Edit the prometheus.yml configuration file.
vim /var/lib/monitoring-clustering/prometheus/prometheus.yml
Locate the section at the bottom, which looks like this:
alerting:
alertmanagers:
- api_version: v1
enable_http2: True
follow_redirects: True
scheme: http
timeout: 10s
static_configs:
- targets:
- "alertmanager:9093"
Edit the api_version to v2 and the target to the IP of the Docker host running alertmanager:
alerting:
alertmanagers:
- api_version: v2
enable_http2: True
follow_redirects: True
scheme: http
timeout: 10s
static_configs:
- targets:
- "10.32.0.15:9093"b
Reload Prometheus with its new configuration (this will not restart anything):
docker exec -it lightbits-prometheus kill -1 1
Note that you can also more evasively restart Prometheus this way:
docker restart lightbits-prometheus
Testing the Alert
Assuming a proper configuration, alerts might already be coming in. However, the system can be manually tested.

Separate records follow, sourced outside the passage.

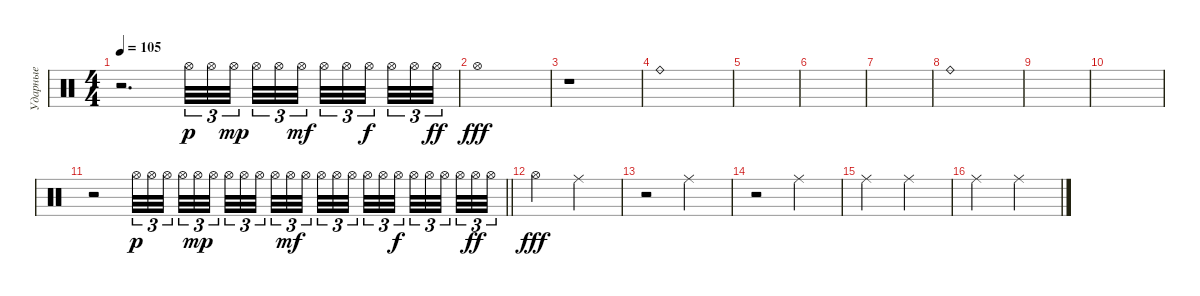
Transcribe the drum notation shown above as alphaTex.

\track ("Ударные" "Ударные") {instrument percussion}
\staff {score}
\articulation defaults
\ts (4 4)
\tempo 105
\clef neutral
\ks c
r.2{d dy fff} "Hi-Hat (open)".32{tu (3 2) dy p} "Hi-Hat (open)".32{tu (3 2)} "Hi-Hat (open)".32{tu (3 2) dy mp beam splitsecondary} "Hi-Hat (open)".32{tu (3 2)} "Hi-Hat (open)".32{tu (3 2)} "Hi-Hat (open)".32{tu (3 2) dy mf beam splitsecondary} "Hi-Hat (open)".32{tu (3 2)} "Hi-Hat (open)".32{tu (3 2)} "Hi-Hat (open)".32{tu (3 2) dy f beam splitsecondary} "Hi-Hat (open)".32{tu (3 2)} "Hi-Hat (open)".32{tu (3 2)} "Hi-Hat (open)".32{tu (3 2) dy ff} |
"Hi-Hat (open)".1{dy fff} |
r.1 |
"Ride (bell)".1 |
|
|
|
"Ride (bell)".1 |
|
|
\barLineRight lightlight
r.2 "Hi-Hat (open)".32{tu (3 2) dy p} "Hi-Hat (open)".32{tu (3 2)} "Hi-Hat (open)".32{tu (3 2) beam splitsecondary} "Hi-Hat (open)".32{tu (3 2)} "Hi-Hat (open)".32{tu (3 2) dy mp} "Hi-Hat (open)".32{tu (3 2) beam splitsecondary} "Hi-Hat (open)".32{tu (3 2)} "Hi-Hat (open)".32{tu (3 2)} "Hi-Hat (open)".32{tu (3 2) beam splitsecondary} "Hi-Hat (open)".32{tu (3 2)} "Hi-Hat (open)".32{tu (3 2) dy mf} "Hi-Hat (open)".32{tu (3 2)} "Hi-Hat (open)".32{tu (3 2)} "Hi-Hat (open)".32{tu (3 2)} "Hi-Hat (open)".32{tu (3 2) beam splitsecondary} "Hi-Hat (open)".32{tu (3 2)} "Hi-Hat (open)".32{tu (3 2)} "Hi-Hat (open)".32{tu (3 2) dy f beam splitsecondary} "Hi-Hat (open)".32{tu (3 2)} "Hi-Hat (open)".32{tu (3 2)} "Hi-Hat (open)".32{tu (3 2) beam splitsecondary} "Hi-Hat (open)".32{tu (3 2)} "Hi-Hat (open)".32{tu (3 2) dy ff} "Hi-Hat (open)".32{tu (3 2)} |
"Hi-Hat (open)".2{dy fff} "Ride (middle)".2 |
r.2 "Ride (middle)".2 |
r.2 "Ride (middle)".2 |
"Ride (middle)".2 "Ride (middle)".2 |
"Ride (middle)".2 "Ride (middle)".2

Send a test alert (this sends an alert with the name-testalert from instance1 with severity=critical):
docker exec -it alertmanager amtool alert add alertname=testalert instance=instance1 severity=critical --alertmanager.url 'http://localhost:9093'
The alert should appear in your alert list now. It only lists alerts that need to be silenced:
docker exec -it alertmanager amtool alert query --alertmanager.url 'http://localhost:9093'
# Output:
Alertname Starts At Summary State
testalert 2024-03-29 06:25:14 UTC active
The alert should appear in your email inbox within 30 seconds or so:

Silence the alert from the UI, or with amtool. Note that a comment is required.
docker exec -it alertmanager amtool silence add alertname=testalert --comment "Silencing test alert" --alertmanager.url 'http://localhost:9093'
The output will show the unique ID of the silenced alert. Also, the output of the query command should no longer show the testalert.